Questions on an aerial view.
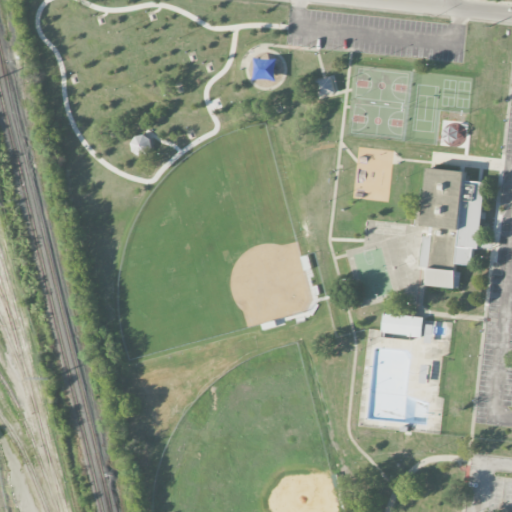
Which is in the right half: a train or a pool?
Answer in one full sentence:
It is a pool that can be seen in the right half.
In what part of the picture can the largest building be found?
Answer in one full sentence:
The largest building is located in the right region of the scene.
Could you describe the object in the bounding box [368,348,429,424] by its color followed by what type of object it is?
white swimming pool
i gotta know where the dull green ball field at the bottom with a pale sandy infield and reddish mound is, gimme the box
[153,343,342,512]
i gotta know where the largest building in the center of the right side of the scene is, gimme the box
[416,168,482,289]
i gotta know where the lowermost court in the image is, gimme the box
[356,250,391,295]
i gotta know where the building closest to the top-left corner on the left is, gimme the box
[130,134,151,155]
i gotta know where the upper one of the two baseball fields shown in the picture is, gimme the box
[119,125,318,358]
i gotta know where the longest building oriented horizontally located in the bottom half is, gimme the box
[381,314,424,338]

### WORK TASK
Would you set down the listing exactly, omitting pictures?

### ANSWER BOX
Questions on an aerial view.
Which is in the right half: a train or a pool?
Answer in one full sentence:
It is a pool that can be seen in the right half.
In what part of the picture can the largest building be found?
Answer in one full sentence:
The largest building is located in the right region of the scene.
Could you describe the object in the bounding box [368,348,429,424] by its color followed by what type of object it is?
white swimming pool
i gotta know where the dull green ball field at the bottom with a pale sandy infield and reddish mound is, gimme the box
[153,343,342,512]
i gotta know where the largest building in the center of the right side of the scene is, gimme the box
[416,168,482,289]
i gotta know where the lowermost court in the image is, gimme the box
[356,250,391,295]
i gotta know where the building closest to the top-left corner on the left is, gimme the box
[130,134,151,155]
i gotta know where the upper one of the two baseball fields shown in the picture is, gimme the box
[119,125,318,358]
i gotta know where the longest building oriented horizontally located in the bottom half is, gimme the box
[381,314,424,338]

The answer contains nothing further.